Empathizing means having a deeper level of understanding of your target audience. It is a little bit different from sympathy where you just show emotions. When you empathize you really try to put yourself into the shoes of the person you are trying to empathize with.
When this word is used in UX design, mostly it is explained to understand users, their needs, problems, and expectations. When you really see what your users are going through, then you can come up with good solutions that help them achieve their goals with your product or service.
Empathizing with users is wonderful and I think that we should really embrace it. There are tons of examples when companies took this road and achieved great results. They made billions just empathizing with their users, customers, and overall target audience. One of the greatest examples is iPod. When this thing was released the world went crazy. I think the older generation remembers the old days when we had to use walkman with those cassettes. Listening to music was a challenging thing as we had limited options in those cassettes or we had to carry multiple ones with us. People needed a simple yet multi-option solution which is the exact thing iPod brought. With its slick, simple, and innovative design and of course tons of digital track options, it simply blew the market. Most people think that iPhone was the one product that brought up Apple from the ruins it was in, but I believe that iPod was the foundation of Apple’s success.
Empathizing helps us to become the favorite players in front of our customers. However, over the years I came to realize that empathizing should not be directed to users only. Any product or service goes through a long distance before it reaches its users. There are several types of stakeholders involved in the process of development.
As a UX designer, I had to work with a lot of teams. All those teams had their weaknesses and strengths. Some of the teams consisted of junior specialists who were just stepping into their fields. Some of the teams consisted of experienced professionals. It did not matter which team I worked with, all that mattered was how I worked with them. The more I communicated with the teams, the better solutions I came up with.
I failed with the teams that consisted of experienced professionals because I did not communicate well with them. On the other hand, I had a very successful experience with junior teams just because I learned what they needed. I’m not talking about just design here, I am talking about the overall product that went to the market.
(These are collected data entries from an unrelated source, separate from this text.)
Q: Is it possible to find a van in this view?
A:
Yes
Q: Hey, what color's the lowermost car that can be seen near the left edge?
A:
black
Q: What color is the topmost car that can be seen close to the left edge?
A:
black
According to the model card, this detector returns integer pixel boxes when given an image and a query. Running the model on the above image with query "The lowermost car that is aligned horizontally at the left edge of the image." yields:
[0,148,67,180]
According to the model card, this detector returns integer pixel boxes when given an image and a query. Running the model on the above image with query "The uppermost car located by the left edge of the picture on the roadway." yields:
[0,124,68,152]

The products we collaborated a lot to complete had a very successful result. The strange thing is that it also affected the usability of the product and the end users were happier with them. Besides, when I collaborated with the teams, the business had better results as well. Strangely, the products where I inclined towards UX a lot failed mostly. Most of them were not even released and were abandoned as concepts only.
I came to realize that when I learned about business needs, technical constraints, and user expectations, I could make better decisions. Especially, the results were even better when I balanced everything among these three aspects. This method works very well for startups where the budget is limited all the time. Besides, most of the case MVP versions of the products showed higher results than expected.
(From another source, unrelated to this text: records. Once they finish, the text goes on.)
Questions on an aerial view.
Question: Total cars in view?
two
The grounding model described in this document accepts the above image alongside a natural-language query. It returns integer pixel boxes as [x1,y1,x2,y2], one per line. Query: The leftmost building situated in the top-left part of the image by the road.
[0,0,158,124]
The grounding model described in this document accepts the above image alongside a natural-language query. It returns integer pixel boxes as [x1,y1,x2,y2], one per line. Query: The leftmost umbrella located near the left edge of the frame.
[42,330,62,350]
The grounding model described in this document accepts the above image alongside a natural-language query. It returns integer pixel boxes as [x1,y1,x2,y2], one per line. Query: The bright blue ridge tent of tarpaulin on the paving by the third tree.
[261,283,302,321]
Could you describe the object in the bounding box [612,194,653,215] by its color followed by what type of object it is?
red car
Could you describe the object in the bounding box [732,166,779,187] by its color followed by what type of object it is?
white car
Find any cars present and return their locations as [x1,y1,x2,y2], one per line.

I had to sacrifice beauty over functionality, being within budget, and technically availability. My designs became a little less pretty but they were more usable, technically easy to develop, and user-friendlier. Of course, I could not just design whatever came to mind, and ugly designs. I started using the 80/20 rule in a different way. 80% of the time I align my designs with business goals and technical capabilities. I just learn about the business and its team. I make sure that I am within budget and that I understand the business goals, also I make sure the team can develop the designs easily. But 20% of the time I experiment and try to innovate. I design more user-friendly but slightly difficult things to develop. This way I push developers who are working with me to grow. It does not matter what level of specialists they are, it works all the time. Juniors grow to be middle sooner, middle developers acquire senior-level skills. I even had to push some of the senior software engineers when I worked at Amazon.
UX is not a one-time thing. UX is an ongoing process that continues over months and years to achieve great results. It took around 25 years for Amazon to become the e-commerce giant, and it took over 30 years for Apple to become the innovators they are today. These companies can spare tons of budget and can have super-packed teams of super-professionals doing things that are changing the world every day. We cannot compete with them right now, because we have limited resources to do things.
This is the exact reason I strongly believe that any UX designer working in small companies should balance things among “Business needs”, “Technical constraints”, and of course “User needs and expectations”. Empathizing is not just about the users, it also means understanding the business goals and technical capabilities of the development team. Sometimes, UX designers need to work with sales, marketing, and legal teams in order to achieve better results. Back in the day, I helped the operation team in our warehouse so that the company could deliver the shipments on time. You think that was a crazy place for a UX designer to be right. No, actually I learned a lot of insights about how the operation process went and I used them to design the company’s products later. I guess that is the exact reason why we need to try to see opportunities in every challenge. Empathizing with everyone is very difficult, but the result is mind-blowing even if you fail.
This is my one tip for UX designers, empathize with everyone on the team. It does not matter who that person is and what they do. When you really try to see what they do and how they do it, you will find tons of opportunities for innovative solutions.